**What to produce**
Every line from the one with "Would you get" through the end of the material below, both ends included, should be transcribed exactly, without pictures.

**Supplied entries**

━━━━━━━━━━

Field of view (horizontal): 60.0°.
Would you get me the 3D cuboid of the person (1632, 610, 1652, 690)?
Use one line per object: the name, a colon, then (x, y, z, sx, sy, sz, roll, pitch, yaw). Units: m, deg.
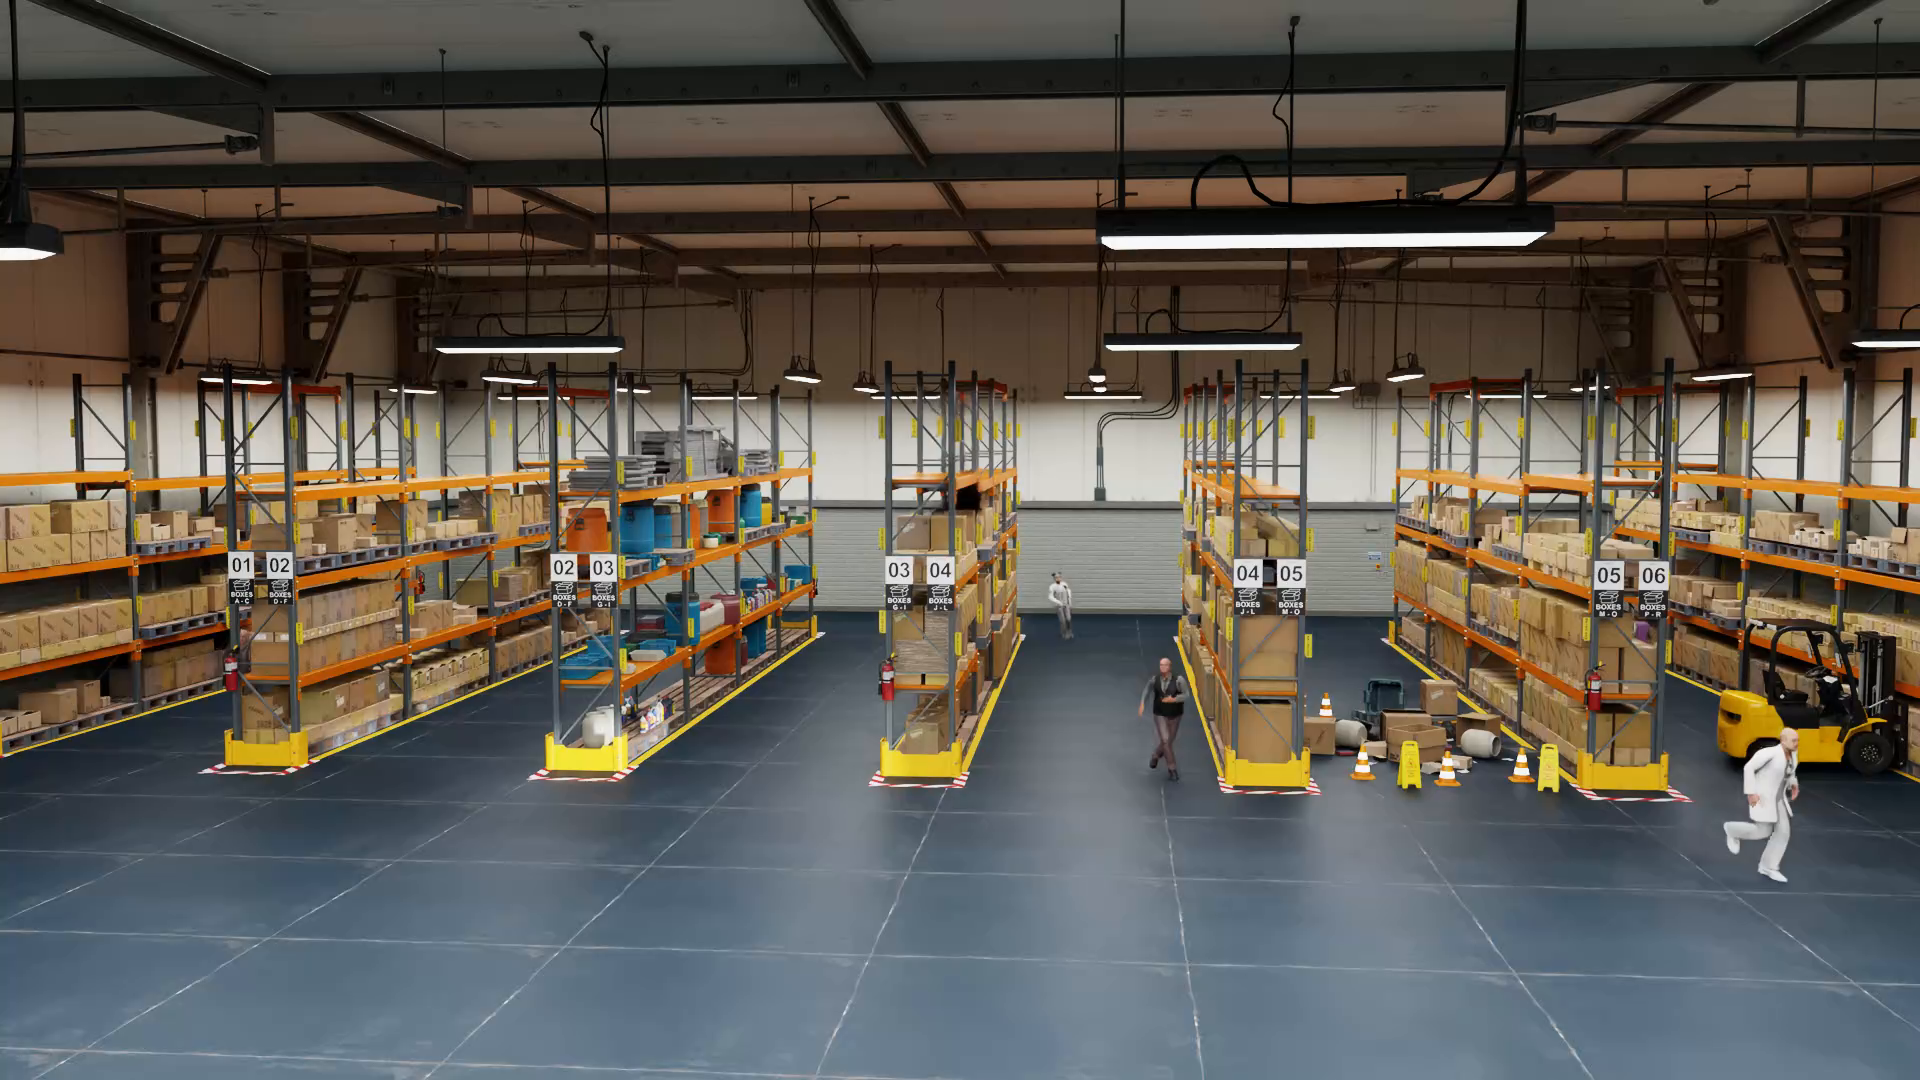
person: (12.838, 2.122, 31.403, 0.532, 1.622, 0.817, 0, 4, -4)

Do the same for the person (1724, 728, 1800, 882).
person: (9.069, 2.934, 18.808, 0.712, 1.727, 0.887, -2, 4, -29)

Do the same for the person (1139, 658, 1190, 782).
person: (2.965, 2.577, 24.096, 0.717, 1.740, 0.817, 0, 4, 1)

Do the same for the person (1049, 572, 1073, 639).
person: (2.424, 1.565, 39.678, 0.638, 1.632, 0.534, -1, 4, -11)

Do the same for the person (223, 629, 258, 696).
person: (-11.807, 2.338, 27.516, 0.714, 1.778, 1.108, 0, 4, -4)

━━━━━━━━━━

**Response for this exercise**
Would you get me the 3D cuboid of the person (1632, 610, 1652, 690)?
Use one line per object: the name, a colon, then (x, y, z, sx, sy, sz, roll, pitch, yaw). Units: m, deg.
person: (12.838, 2.122, 31.403, 0.532, 1.622, 0.817, 0, 4, -4)

Do the same for the person (1724, 728, 1800, 882).
person: (9.069, 2.934, 18.808, 0.712, 1.727, 0.887, -2, 4, -29)

Do the same for the person (1139, 658, 1190, 782).
person: (2.965, 2.577, 24.096, 0.717, 1.740, 0.817, 0, 4, 1)

Do the same for the person (1049, 572, 1073, 639).
person: (2.424, 1.565, 39.678, 0.638, 1.632, 0.534, -1, 4, -11)

Do the same for the person (223, 629, 258, 696).
person: (-11.807, 2.338, 27.516, 0.714, 1.778, 1.108, 0, 4, -4)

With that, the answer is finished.